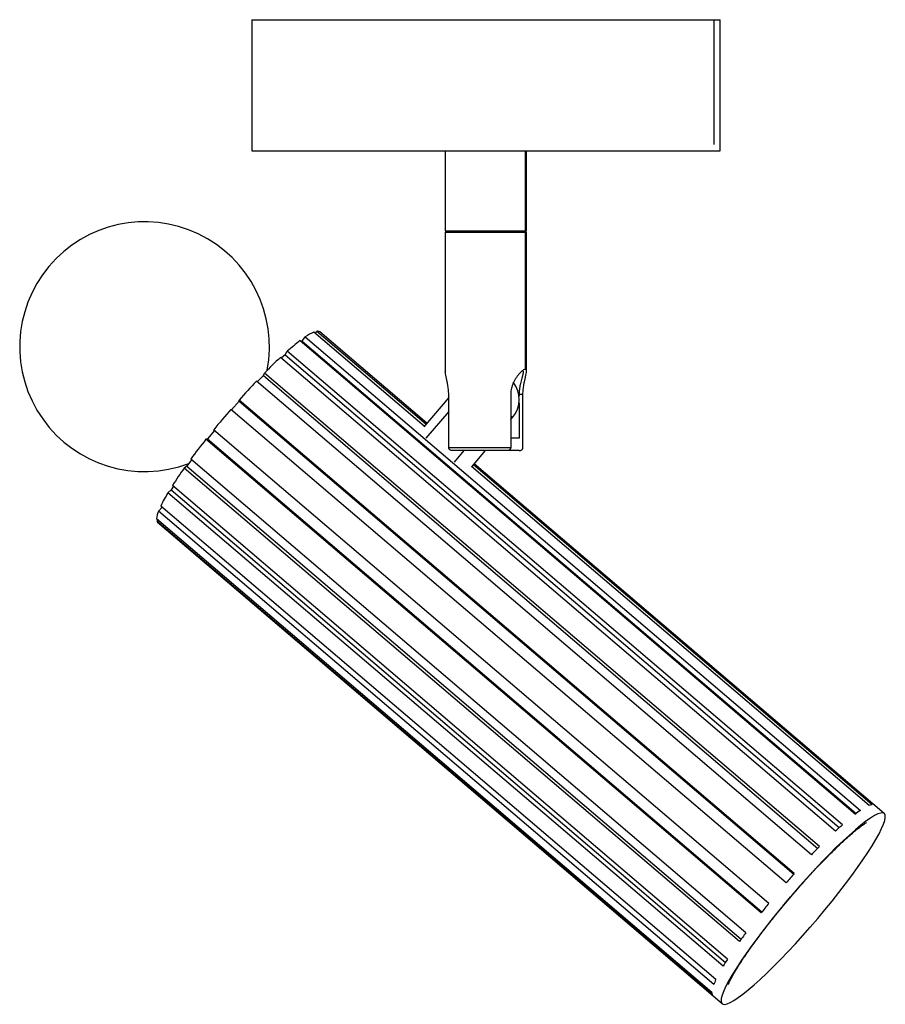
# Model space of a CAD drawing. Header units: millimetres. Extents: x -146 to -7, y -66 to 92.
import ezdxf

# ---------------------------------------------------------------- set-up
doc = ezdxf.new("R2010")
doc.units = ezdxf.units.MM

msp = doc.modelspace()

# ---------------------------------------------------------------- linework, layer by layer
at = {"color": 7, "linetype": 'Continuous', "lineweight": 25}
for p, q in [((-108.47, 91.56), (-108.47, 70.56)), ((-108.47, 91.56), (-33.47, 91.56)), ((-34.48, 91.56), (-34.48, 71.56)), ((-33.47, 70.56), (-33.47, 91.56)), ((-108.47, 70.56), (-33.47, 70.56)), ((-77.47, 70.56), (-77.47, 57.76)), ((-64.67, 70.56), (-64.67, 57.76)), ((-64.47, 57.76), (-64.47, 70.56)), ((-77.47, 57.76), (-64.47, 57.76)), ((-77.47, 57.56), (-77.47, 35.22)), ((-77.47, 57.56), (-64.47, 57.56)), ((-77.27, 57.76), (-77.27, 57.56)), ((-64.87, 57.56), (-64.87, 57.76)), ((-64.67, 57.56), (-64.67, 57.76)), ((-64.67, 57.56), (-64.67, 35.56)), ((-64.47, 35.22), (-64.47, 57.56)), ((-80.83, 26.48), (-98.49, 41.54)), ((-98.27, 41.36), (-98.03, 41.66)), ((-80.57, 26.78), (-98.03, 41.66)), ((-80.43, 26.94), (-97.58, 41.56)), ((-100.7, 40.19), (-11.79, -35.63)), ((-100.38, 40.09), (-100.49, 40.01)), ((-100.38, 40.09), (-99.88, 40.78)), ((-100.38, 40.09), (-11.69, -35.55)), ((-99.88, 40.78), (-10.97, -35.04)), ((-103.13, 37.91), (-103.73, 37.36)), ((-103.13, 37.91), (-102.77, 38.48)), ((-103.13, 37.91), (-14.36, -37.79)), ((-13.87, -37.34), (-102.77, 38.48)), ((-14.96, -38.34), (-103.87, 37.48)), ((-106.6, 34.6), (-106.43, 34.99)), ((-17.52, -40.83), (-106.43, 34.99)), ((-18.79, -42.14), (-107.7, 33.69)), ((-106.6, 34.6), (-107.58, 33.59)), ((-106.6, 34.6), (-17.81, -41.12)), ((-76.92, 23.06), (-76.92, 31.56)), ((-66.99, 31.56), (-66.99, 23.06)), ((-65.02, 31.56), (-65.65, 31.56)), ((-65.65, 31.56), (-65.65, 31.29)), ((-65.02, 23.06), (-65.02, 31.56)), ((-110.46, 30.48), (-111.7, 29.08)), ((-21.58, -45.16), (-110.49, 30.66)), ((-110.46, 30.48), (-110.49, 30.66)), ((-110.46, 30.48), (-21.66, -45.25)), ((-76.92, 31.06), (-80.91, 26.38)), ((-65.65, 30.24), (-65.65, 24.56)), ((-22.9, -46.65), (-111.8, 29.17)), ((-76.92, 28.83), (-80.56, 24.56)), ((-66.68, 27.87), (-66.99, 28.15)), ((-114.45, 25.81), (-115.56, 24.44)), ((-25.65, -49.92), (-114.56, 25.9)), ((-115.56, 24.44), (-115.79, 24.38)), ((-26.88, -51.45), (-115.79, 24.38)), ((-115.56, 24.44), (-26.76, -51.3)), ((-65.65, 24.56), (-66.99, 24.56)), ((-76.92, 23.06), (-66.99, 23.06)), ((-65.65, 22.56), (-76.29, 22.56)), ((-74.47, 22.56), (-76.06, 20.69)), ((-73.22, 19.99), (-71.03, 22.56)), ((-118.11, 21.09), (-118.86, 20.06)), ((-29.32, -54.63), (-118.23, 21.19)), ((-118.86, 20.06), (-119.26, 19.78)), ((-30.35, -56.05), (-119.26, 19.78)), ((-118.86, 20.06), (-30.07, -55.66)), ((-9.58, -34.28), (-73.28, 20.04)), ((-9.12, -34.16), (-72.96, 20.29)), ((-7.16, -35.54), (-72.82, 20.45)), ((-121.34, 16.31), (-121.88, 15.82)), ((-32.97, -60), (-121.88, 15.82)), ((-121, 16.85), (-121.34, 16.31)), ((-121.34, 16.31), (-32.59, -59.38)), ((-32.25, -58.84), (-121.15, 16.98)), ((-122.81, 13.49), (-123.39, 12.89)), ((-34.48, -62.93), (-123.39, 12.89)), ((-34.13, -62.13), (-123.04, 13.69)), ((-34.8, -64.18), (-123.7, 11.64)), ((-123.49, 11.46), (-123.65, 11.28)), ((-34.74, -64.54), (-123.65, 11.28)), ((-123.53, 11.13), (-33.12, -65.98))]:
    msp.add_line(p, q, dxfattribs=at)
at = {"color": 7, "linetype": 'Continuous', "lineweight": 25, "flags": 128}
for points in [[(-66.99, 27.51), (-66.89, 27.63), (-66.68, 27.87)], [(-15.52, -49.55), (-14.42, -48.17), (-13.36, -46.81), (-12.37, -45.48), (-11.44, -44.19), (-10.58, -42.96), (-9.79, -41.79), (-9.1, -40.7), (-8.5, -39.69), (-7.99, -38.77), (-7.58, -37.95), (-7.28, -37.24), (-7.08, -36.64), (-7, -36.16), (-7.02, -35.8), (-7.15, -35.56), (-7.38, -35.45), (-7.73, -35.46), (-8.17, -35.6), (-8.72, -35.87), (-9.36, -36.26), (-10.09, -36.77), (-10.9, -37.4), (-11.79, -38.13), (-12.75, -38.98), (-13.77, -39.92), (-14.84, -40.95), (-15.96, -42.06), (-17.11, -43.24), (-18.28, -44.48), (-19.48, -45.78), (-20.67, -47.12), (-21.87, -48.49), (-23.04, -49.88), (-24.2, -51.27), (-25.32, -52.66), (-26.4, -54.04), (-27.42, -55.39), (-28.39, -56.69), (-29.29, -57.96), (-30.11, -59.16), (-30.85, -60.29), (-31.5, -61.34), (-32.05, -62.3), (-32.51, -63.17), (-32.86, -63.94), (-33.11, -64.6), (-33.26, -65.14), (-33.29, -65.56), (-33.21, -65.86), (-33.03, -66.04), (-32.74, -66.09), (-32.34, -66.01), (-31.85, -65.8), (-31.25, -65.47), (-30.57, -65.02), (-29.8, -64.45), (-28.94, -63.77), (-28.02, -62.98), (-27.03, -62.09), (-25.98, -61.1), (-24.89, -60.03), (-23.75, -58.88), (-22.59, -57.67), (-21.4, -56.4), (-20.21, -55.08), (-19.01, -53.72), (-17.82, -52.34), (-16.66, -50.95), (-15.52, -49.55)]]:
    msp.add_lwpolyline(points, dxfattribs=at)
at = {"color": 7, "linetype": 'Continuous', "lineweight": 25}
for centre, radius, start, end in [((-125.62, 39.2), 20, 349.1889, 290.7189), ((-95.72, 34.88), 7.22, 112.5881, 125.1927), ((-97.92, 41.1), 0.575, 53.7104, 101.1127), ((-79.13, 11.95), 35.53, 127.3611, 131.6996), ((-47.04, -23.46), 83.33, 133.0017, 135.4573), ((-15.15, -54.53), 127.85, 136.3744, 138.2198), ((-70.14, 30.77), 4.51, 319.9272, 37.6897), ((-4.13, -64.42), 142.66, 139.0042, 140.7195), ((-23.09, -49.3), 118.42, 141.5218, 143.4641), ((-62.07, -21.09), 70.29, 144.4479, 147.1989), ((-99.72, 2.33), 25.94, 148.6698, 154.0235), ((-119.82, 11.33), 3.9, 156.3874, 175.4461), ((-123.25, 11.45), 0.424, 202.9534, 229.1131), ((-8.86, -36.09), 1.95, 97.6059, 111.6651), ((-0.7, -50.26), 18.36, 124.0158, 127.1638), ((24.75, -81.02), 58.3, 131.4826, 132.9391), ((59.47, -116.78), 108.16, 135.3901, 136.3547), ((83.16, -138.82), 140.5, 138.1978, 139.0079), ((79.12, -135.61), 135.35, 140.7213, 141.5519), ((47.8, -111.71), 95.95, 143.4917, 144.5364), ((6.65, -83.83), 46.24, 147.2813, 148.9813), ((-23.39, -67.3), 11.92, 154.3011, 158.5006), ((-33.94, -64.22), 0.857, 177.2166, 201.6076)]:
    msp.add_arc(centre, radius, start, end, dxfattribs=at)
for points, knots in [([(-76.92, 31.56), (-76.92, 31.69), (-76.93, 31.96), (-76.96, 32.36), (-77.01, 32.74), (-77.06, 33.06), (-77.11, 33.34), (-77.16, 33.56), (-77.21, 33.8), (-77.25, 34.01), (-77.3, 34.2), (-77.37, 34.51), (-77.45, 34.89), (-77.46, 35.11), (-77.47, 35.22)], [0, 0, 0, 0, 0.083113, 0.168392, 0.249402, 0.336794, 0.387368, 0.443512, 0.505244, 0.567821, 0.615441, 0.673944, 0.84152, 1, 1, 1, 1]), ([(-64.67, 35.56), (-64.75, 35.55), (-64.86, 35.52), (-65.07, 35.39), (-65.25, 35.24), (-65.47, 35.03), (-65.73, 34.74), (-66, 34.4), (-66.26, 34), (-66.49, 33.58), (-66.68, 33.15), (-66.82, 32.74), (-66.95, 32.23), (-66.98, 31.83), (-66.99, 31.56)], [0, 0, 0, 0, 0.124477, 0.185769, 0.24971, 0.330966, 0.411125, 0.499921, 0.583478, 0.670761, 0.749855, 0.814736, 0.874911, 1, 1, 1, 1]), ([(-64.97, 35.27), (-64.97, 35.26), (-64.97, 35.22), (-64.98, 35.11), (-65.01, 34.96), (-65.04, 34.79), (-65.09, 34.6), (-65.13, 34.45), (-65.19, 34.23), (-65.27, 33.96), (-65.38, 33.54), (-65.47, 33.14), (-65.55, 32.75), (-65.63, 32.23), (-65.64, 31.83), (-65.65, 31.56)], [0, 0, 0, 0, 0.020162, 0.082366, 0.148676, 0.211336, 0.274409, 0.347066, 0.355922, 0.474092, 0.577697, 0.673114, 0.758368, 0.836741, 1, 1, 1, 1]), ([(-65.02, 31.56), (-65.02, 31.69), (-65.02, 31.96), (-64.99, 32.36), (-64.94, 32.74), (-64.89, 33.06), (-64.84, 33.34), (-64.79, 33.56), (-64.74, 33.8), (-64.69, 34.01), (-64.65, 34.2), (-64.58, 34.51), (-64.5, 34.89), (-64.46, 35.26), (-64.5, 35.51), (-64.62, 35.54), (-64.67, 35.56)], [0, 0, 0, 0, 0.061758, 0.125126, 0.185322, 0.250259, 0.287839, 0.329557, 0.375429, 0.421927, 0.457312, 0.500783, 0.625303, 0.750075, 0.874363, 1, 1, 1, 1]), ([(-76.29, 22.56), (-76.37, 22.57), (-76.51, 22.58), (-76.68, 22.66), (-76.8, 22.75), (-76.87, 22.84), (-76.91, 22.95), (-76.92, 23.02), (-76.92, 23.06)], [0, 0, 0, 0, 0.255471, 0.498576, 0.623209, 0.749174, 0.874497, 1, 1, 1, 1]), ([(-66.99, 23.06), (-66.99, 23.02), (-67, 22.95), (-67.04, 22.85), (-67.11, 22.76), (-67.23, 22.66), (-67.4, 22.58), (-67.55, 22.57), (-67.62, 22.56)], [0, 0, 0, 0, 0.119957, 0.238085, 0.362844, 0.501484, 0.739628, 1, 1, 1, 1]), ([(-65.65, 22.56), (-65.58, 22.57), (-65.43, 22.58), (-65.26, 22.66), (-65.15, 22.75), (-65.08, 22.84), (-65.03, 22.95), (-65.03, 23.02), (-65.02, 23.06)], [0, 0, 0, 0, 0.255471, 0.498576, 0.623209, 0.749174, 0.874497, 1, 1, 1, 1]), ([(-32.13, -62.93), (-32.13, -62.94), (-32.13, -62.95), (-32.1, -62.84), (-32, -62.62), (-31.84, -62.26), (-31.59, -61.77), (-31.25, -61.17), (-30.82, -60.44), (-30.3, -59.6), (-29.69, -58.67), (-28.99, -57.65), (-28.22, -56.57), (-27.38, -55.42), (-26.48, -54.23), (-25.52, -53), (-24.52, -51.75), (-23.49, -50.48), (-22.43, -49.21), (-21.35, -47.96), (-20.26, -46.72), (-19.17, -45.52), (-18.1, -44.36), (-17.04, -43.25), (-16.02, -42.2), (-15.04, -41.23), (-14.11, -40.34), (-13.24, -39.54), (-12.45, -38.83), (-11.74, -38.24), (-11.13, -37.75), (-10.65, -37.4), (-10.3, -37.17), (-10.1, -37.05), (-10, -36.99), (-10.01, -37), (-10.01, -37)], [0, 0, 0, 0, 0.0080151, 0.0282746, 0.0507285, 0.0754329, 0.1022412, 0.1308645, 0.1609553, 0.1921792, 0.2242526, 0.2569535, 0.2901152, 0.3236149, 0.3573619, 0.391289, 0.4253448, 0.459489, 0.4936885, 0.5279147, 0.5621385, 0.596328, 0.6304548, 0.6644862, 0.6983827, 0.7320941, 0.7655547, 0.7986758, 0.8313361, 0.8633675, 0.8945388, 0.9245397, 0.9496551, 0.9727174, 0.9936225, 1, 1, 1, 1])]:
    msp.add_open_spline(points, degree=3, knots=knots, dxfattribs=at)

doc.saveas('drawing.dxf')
+-------+
ACTIVITY>
From the listing above, count the lines that include the word "centre" and give the total alone.

RESPONSE TO THIS TASK>
2